- _WORK TASK_
From the first line to the last, transcribe the data exactly and skip the pictures.

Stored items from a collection

⟨

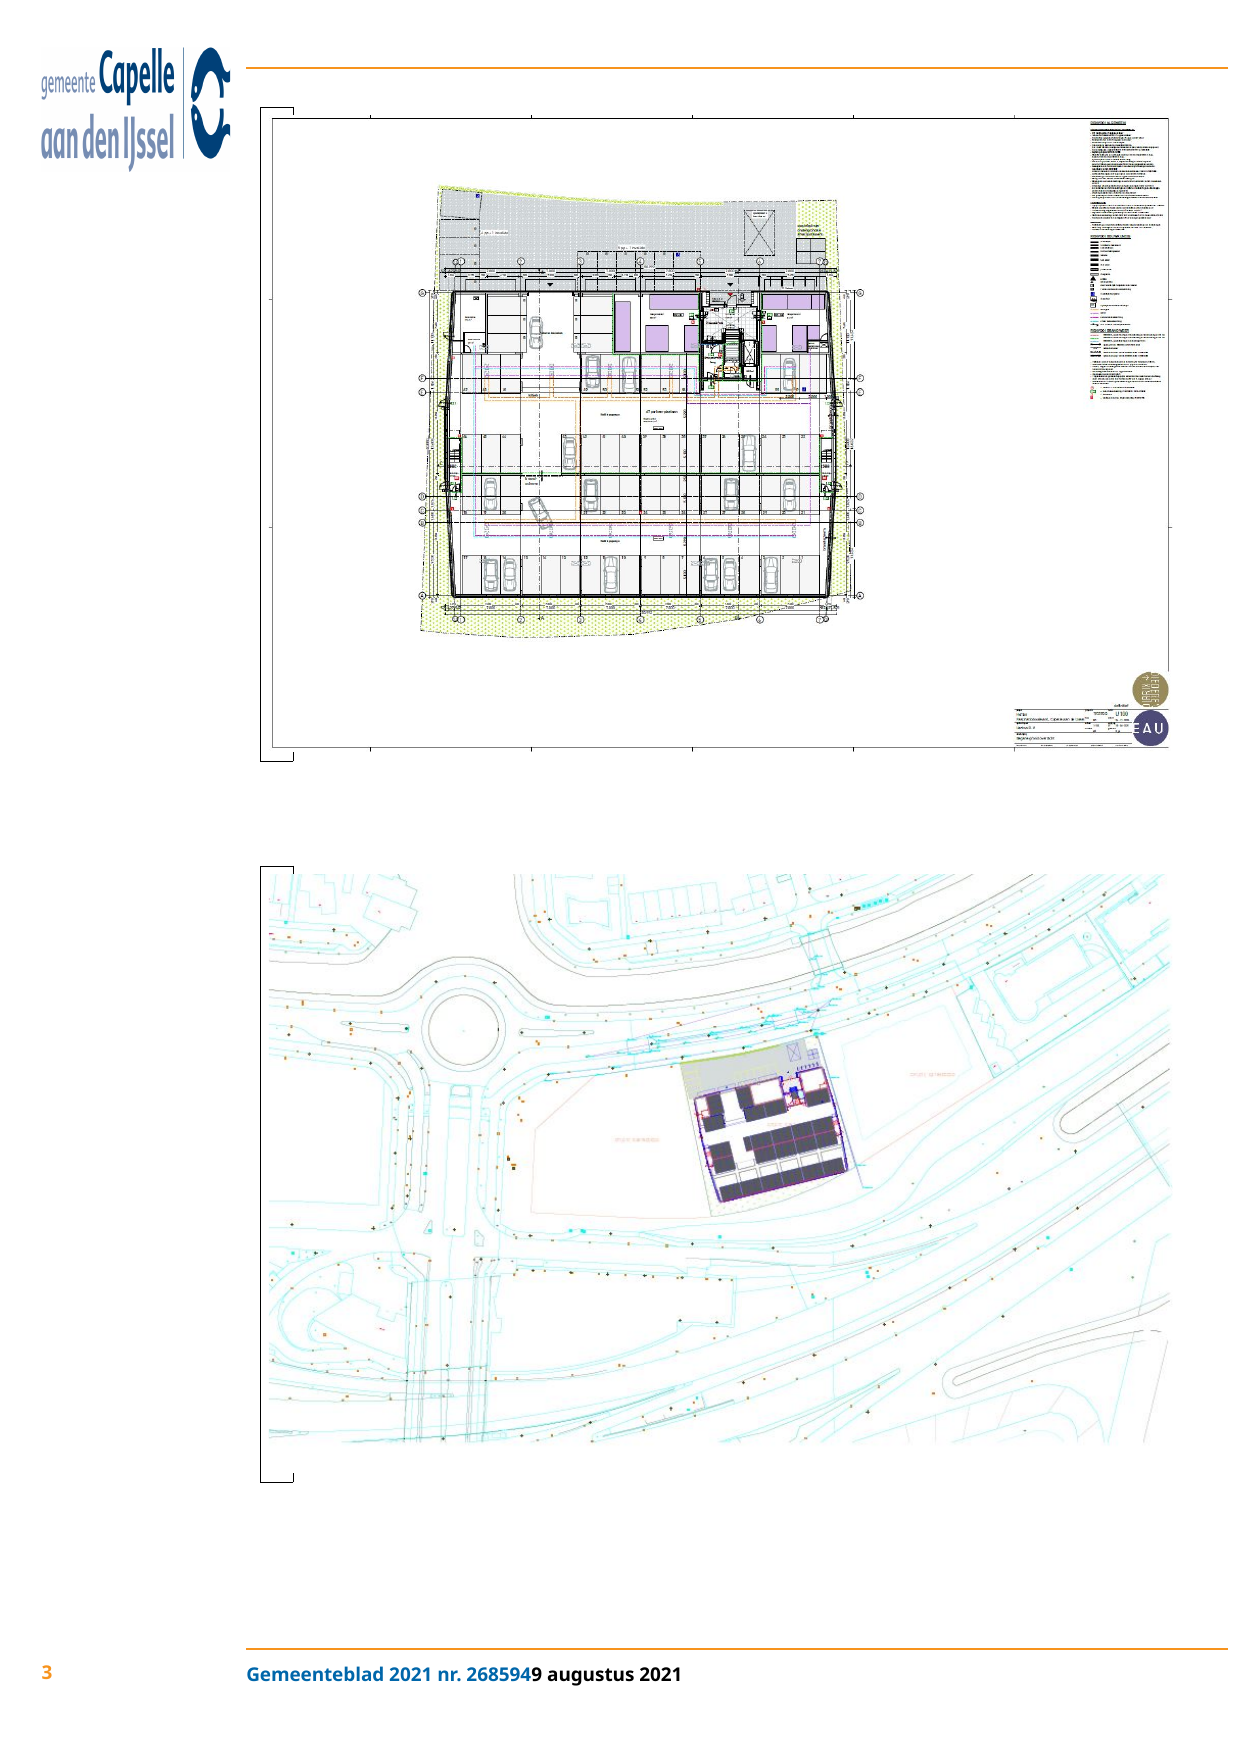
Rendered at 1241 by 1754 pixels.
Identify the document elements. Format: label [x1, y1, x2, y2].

picture [268, 874, 1173, 1473]
picture [41, 47, 231, 172]
picture [268, 115, 1173, 752]

⟩

- _RESPONSE TO THIS TASK_
Rendered at 1241 by 1754 pixels.
Identify the document elements. Format: label [x1, y1, x2, y2].

picture [268, 874, 1173, 1473]
picture [41, 47, 231, 172]
picture [268, 115, 1173, 752]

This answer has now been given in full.